If you're working on this document from your own computer ("locally") you can download the tweets data in the following way:

```{r, eval = F}

speeches  <- readRDS(gzcon(url("https://github.com/cjbarrie/CTA-ED/blob/main/data/comparison-complexity/speeches.rds?raw=true")))

```

And we can take a look at what the data contains below.

```{r}

head(speeches)

```

The data contain speeches by four different politicians, each of whom are positioned at different points on a liberal-conservative scale.

We can then calculate the Flesch-Kincaid readability/complexity score with the `quanteda.textstats` package like so.

```{r}
speeches$flesch.kincaid <- textstat_readability(speeches$text, measure = "Flesch.Kincaid")

# returned as quanteda data.frame with document-level information;
# need just the score:
speeches$flesch.kincaid <- speeches$flesch.kincaid$Flesch.Kincaid
```

We want this information aggregated over each of our politicians: Gordon Brown, Jose Zapatero", David Cameron, and Mariano Rajoy.
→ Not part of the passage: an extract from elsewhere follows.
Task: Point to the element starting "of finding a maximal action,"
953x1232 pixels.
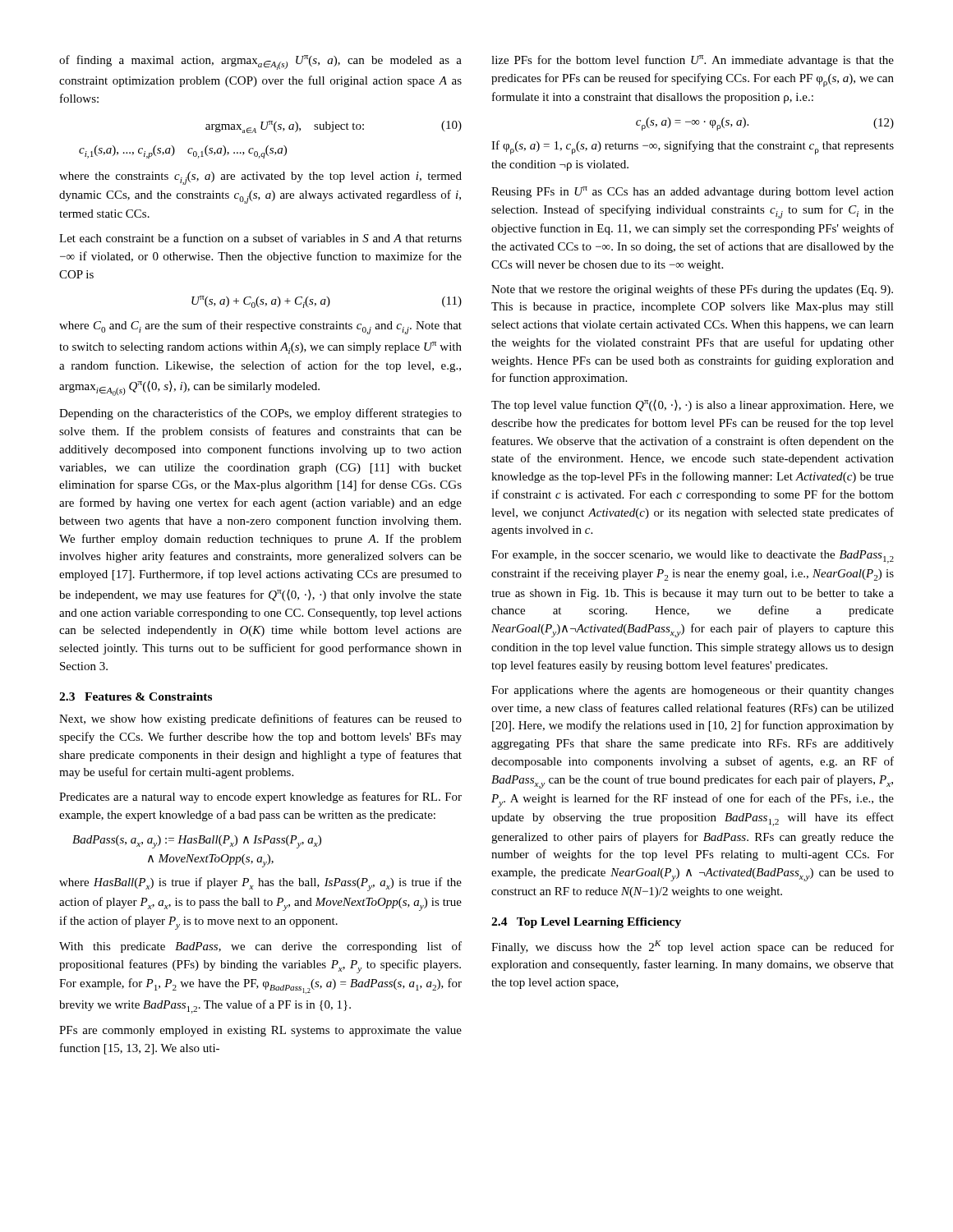Action: 260,79

These are recorded in the data under a column called "speaker."

```{r}
#get mean and standard deviation of Flesch-Kincaid, and N of speeches for each speaker
sum_corpus <- speeches %>%
  group_by(speaker) %>%
  summarise(mean = mean(flesch.kincaid, na.rm=TRUE),
                   SD=sd(flesch.kincaid, na.rm=TRUE),
                   N=length(speaker))

# calculate standard errors and confidence intervals
sum_corpus$se <- sum_corpus$SD / sqrt(sum_corpus$N)
sum_corpus$min <- sum_corpus$mean - 1.96*sum_corpus$se
sum_corpus$max <- sum_corpus$mean + 1.96*sum_corpus$se
```

And this gives us data in tidy format that looks like so. 

```{r}
sum_corpus
```

Which we can then plot---and we see that our results look like those in Figure 1 of the published article by @schoonvelde_liberals_2019. 


```{r}

ggplot(sum_corpus, aes(x=speaker, y=mean)) +
  geom_bar(stat="identity") + 
  geom_errorbar(ymin=sum_corpus$min,ymax=sum_corpus$max, width=.2) +
  coord_flip() +
  xlab("") +
  ylab("Mean Complexity") + 
  theme_minimal() + 
  ylim(c(0,20))

```

## Exercises

1. Compute distance measures such as "euclidean" or "manhattan" for the MP tweets as above, comparing between tweets by MPs and tweets by PM, Theresa May. 
2. Estimate at least three other complexity measures for the EU speeches as above. Consider how the results compare to the Flesch-Kincaid measure used in the article by @schoonvelde_liberals_2019.
3. (Advanced---optional) Estimate similarity scores between the MP tweets and the PM tweets for each week contained in the data. Plot the results.